The word conjures up Zen-like notions of easy understanding, natural approaches and intuitive use. Like when I recently watched a 2-year-old march over to the TV set and try to change channels by swiping her chubby fingers across the screen (just like Daddy does with his smartphone). Imagine how disappointed she’ll be when she tries to work the ridiculously complex remote control (which even most grown-ups can’t figure out).
 
In today’s consumer-dominated business world–where CIOs look to deliver “Apple-simple” office tools requiring no training–simplicity has become a code word for speed, flexibility, agility and success.
 
“This is about killing complexity. As you do, you get faster,” says CIO Charlene Begley of General Electric, one of the IT leaders interviewed recently. “It’s about competitiveness.”  Simplifying IT operations and processes is one of Begley’s four strategic imperatives for IT, as she strives to halve the number of GE data centres and lop out 85 percent of its ERP systems by 2016.

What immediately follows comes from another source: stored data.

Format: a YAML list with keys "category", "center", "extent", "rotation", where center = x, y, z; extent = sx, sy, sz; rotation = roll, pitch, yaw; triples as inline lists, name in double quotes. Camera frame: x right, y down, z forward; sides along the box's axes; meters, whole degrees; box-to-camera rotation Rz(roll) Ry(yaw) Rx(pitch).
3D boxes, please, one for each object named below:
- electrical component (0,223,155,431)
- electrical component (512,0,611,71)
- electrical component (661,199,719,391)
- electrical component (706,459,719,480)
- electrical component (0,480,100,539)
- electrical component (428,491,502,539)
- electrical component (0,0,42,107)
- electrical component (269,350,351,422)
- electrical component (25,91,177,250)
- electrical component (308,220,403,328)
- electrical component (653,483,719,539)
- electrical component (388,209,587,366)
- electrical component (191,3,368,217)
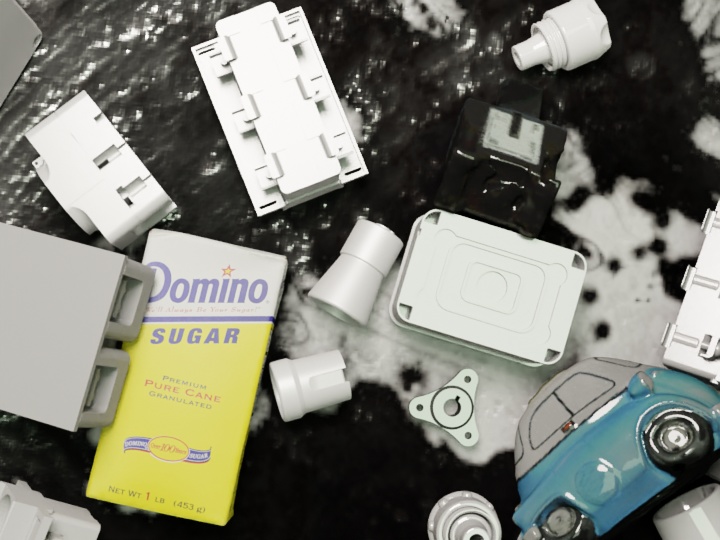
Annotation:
- category: "electrical component"
  center: [-0.233, 0.024, 0.669]
  extent: [0.186, 0.060, 0.105]
  rotation: [14, 85, 12]
- category: "electrical component"
  center: [0.134, -0.155, 0.729]
  extent: [0.062, 0.043, 0.043]
  rotation: [-24, 87, -3]
- category: "electrical component"
  center: [0.248, 0.018, 0.708]
  extent: [0.063, 0.079, 0.121]
  rotation: [18, 84, 27]
- category: "electrical component"
  center: [0.293, 0.137, 0.683]
  extent: [0.109, 0.108, 0.056]
  rotation: [27, 88, -1]
- category: "electrical component"
  center: [-0.214, 0.203, 0.670]
  extent: [0.063, 0.079, 0.121]
  rotation: [24, 84, -28]
- category: "electrical component"
  center: [0.070, 0.169, 0.691]
  extent: [0.048, 0.062, 0.048]
  rotation: [0, 86, -3]
- category: "electrical component"
  center: [-0.262, -0.134, 0.674]
  extent: [0.056, 0.108, 0.108]
  rotation: [30, 85, 2]
- category: "electrical component"
  center: [-0.033, 0.074, 0.706]
  extent: [0.046, 0.040, 0.040]
  rotation: [-14, 86, -10]
- category: "electrical component"
  center: [-0.171, -0.061, 0.702]
  extent: [0.056, 0.050, 0.089]
  rotation: [-38, 88, -5]
- category: "electrical component"
  center: [0.000, 0.000, 0.712]
  extent: [0.044, 0.044, 0.065]
  rotation: [29, 80, 0]
- category: "electrical component"
  center: [0.225, 0.172, 0.704]
  extent: [0.055, 0.055, 0.047]
  rotation: [-29, 84, -5]
- category: "electrical component"
  center: [0.082, 0.013, 0.707]
  extent: [0.113, 0.057, 0.078]
  rotation: [17, 85, -2]
- category: "electrical component"
  center: [-0.053, -0.107, 0.706]
  extent: [0.079, 0.063, 0.121]
  rotation: [-22, 87, -4]
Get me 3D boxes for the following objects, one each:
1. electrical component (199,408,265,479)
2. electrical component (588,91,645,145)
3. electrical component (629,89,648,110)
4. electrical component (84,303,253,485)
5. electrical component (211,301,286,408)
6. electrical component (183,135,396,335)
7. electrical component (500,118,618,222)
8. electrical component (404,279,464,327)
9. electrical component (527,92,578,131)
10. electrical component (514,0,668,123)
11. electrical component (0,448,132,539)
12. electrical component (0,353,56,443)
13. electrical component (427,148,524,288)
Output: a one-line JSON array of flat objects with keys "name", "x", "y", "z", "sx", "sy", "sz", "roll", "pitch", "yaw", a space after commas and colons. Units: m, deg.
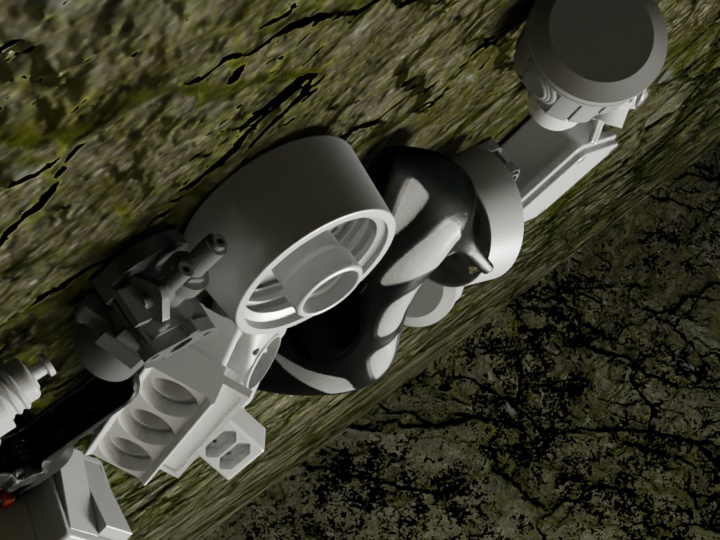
[{"name": "electrical component", "x": -0.126, "y": 0.140, "z": 0.990, "sx": 0.047, "sy": 0.066, "sz": 0.076, "roll": -40, "pitch": -161, "yaw": 13}, {"name": "electrical component", "x": 0.202, "y": -0.139, "z": 0.869, "sx": 0.077, "sy": 0.044, "sz": 0.079, "roll": -10, "pitch": 120, "yaw": -71}, {"name": "electrical component", "x": 0.235, "y": -0.160, "z": 0.985, "sx": 0.061, "sy": 0.035, "sz": 0.035, "roll": -29, "pitch": 167, "yaw": -35}, {"name": "electrical component", "x": -0.120, "y": 0.074, "z": 0.658, "sx": 0.121, "sy": 0.079, "sz": 0.063, "roll": -48, "pitch": -164, "yaw": 46}, {"name": "electrical component", "x": -0.074, "y": 0.042, "z": 0.719, "sx": 0.079, "sy": 0.044, "sz": 0.077, "roll": -48, "pitch": 163, "yaw": -52}, {"name": "electrical component", "x": -0.031, "y": -0.011, "z": 0.561, "sx": 0.108, "sy": 0.060, "sz": 0.108, "roll": -31, "pitch": 159, "yaw": -14}, {"name": "electrical component", "x": 0.158, "y": -0.093, "z": 0.942, "sx": 0.109, "sy": 0.056, "sz": 0.109, "roll": -44, "pitch": 169, "yaw": 30}, {"name": "electrical component", "x": 0.054, "y": 0.007, "z": 0.968, "sx": 0.080, "sy": 0.080, "sz": 0.051, "roll": -43, "pitch": 175, "yaw": 26}, {"name": "electrical component", "x": 0.149, "y": -0.130, "z": 0.770, "sx": 0.045, "sy": 0.045, "sz": 0.055, "roll": -34, "pitch": 170, "yaw": -23}, {"name": "electrical component", "x": 0.130, "y": -0.127, "z": 0.618, "sx": 0.080, "sy": 0.080, "sz": 0.051, "roll": -36, "pitch": 176, "yaw": -12}, {"name": "electrical component", "x": -0.199, "y": 0.156, "z": 0.709, "sx": 0.061, "sy": 0.096, "sz": 0.062, "roll": -40, "pitch": 141, "yaw": 11}, {"name": "electrical component", "x": -0.177, "y": 0.064, "z": 0.495, "sx": 0.078, "sy": 0.040, "sz": 0.040, "roll": -34, "pitch": 170, "yaw": -23}, {"name": "electrical component", "x": 0.077, "y": -0.037, "z": 0.799, "sx": 0.064, "sy": 0.099, "sz": 0.099, "roll": -21, "pitch": 161, "yaw": -43}]
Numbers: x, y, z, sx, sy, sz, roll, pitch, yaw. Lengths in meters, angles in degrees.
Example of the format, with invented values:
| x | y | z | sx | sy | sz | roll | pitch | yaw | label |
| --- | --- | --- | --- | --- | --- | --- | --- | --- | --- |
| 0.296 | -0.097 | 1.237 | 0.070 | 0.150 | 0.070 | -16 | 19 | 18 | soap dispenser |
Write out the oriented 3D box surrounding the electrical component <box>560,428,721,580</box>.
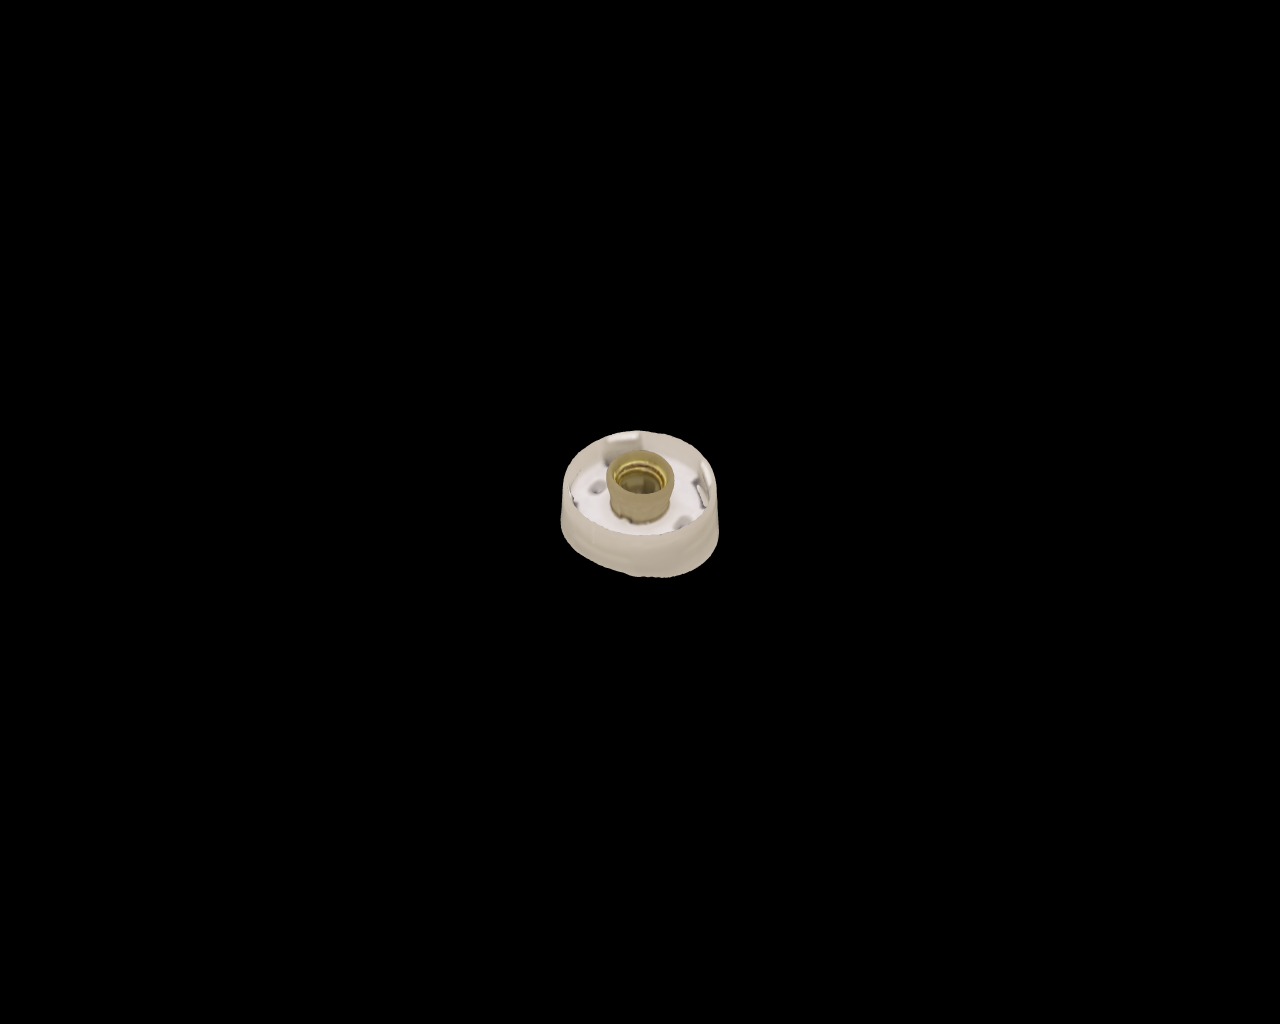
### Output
| x | y | z | sx | sy | sz | roll | pitch | yaw | label |
| --- | --- | --- | --- | --- | --- | --- | --- | --- | --- |
| 0.001 | -0.003 | 0.650 | 0.099 | 0.099 | 0.064 | 0 | -43 | 0 | electrical component |

In talking with IT executives at GE, FedEx and McDonald’s for a story, senior editor Kim S. Nash discovered how very complicated efforts to achieve simplicity can be. CIOs and business leaders must identify what to prune, then finance and staff the project, then make more plans “to stop complexity from snaking its way back in,” she writes. “It’s an ongoing battle, but one that could be worth millions to win.”
 
Yes, millions. When researchers at The Hackett Group compared high-performing companies to average ones, they noticed that the typical firms were running twice as many data centers as the world-class ones, which also run fewer applications and at lower cost.
 
At FedEx, complexity reduction is “the largest theme we’re working on,” says Kevin Humphries, senior vice-president of IT. He recently opened a new data center that will serve as the US$39 billion company’s main IT facility, even though it’s one-third the size of the one it replaces. “You would be shocked to see the walls and walls and walls of excruciating detail to make something very complex end up simplified,” Humphries told us.
 
As desirable as IT simplification sounds, such efforts often fail–and ironically, it’s because they lack detailed (that is, sufficiently complex) plans. How are you dealing with the complexity of simplicity at your company these days?